To do - Scan the entries that follow and copy out every line containing "name".

Extracted material -
────────────────────

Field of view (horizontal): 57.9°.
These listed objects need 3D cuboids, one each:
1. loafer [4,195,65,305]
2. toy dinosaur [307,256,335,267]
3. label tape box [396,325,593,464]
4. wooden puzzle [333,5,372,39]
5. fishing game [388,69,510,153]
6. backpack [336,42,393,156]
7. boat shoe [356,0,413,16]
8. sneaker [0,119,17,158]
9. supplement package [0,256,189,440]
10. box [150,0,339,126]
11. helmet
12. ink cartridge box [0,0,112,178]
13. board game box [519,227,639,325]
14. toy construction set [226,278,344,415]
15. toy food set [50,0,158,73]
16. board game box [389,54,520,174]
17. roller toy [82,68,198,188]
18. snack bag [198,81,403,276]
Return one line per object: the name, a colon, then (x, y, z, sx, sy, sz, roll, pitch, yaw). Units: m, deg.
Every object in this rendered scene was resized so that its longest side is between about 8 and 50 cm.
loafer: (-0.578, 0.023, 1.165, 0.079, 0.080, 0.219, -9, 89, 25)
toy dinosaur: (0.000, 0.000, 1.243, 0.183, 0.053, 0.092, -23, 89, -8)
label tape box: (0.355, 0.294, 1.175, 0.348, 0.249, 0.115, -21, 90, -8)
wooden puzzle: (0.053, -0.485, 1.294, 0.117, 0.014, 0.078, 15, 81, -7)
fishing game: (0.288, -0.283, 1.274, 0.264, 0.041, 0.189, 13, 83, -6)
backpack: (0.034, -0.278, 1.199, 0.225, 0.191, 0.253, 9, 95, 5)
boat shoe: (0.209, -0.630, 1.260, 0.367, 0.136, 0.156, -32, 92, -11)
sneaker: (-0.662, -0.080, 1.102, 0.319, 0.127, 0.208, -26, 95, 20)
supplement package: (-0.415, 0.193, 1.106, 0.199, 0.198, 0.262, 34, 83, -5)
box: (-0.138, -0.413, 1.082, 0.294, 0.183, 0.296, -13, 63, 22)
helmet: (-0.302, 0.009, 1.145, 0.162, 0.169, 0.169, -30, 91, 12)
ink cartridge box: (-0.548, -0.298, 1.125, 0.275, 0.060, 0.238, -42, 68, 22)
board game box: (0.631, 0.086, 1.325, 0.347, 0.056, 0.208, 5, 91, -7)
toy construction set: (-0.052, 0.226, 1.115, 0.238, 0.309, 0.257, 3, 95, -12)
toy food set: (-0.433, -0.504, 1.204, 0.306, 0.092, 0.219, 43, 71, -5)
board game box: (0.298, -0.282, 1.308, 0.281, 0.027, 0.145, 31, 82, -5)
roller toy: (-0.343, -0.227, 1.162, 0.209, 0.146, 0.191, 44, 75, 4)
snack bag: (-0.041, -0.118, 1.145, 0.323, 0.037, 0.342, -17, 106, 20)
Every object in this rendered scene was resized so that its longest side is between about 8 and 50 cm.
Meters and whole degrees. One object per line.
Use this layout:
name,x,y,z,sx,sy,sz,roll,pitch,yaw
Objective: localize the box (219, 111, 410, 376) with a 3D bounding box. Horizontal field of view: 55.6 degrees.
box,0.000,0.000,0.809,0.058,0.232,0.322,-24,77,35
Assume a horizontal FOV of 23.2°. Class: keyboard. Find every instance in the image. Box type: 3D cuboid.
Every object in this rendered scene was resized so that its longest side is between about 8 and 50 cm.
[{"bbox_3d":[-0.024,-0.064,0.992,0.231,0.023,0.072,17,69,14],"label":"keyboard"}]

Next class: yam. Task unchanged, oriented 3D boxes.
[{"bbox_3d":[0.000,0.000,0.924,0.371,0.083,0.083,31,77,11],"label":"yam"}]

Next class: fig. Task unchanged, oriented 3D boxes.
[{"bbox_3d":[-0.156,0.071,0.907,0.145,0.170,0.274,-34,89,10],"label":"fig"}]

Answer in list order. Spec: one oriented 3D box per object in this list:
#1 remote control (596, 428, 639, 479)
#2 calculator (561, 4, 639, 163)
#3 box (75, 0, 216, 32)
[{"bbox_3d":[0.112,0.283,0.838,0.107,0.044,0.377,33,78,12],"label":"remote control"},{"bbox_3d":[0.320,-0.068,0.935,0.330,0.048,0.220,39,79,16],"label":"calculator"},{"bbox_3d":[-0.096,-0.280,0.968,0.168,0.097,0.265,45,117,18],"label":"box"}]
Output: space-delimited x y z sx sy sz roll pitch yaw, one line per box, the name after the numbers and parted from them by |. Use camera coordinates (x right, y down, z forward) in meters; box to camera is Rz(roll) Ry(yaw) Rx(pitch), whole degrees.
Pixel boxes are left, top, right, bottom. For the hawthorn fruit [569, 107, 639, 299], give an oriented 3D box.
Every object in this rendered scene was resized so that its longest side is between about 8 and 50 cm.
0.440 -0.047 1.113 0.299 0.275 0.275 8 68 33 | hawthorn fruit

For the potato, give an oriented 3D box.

────────────────────

Result below -
Return one line per object: the name, a colon, then (x, y, z, sx, sy, sz, roll, pitch, yaw). Units: m, deg.
name,x,y,z,sx,sy,sz,roll,pitch,yaw
Output: space-delimited x y z sx sy sz roll pitch yaw, one line per box, the name after the numbers and parted from them by |. Use camera coordinates (x right, y down, z forward) in meters; box to camera is Rz(roll) Ry(yaw) Rx(pitch), whole degrees.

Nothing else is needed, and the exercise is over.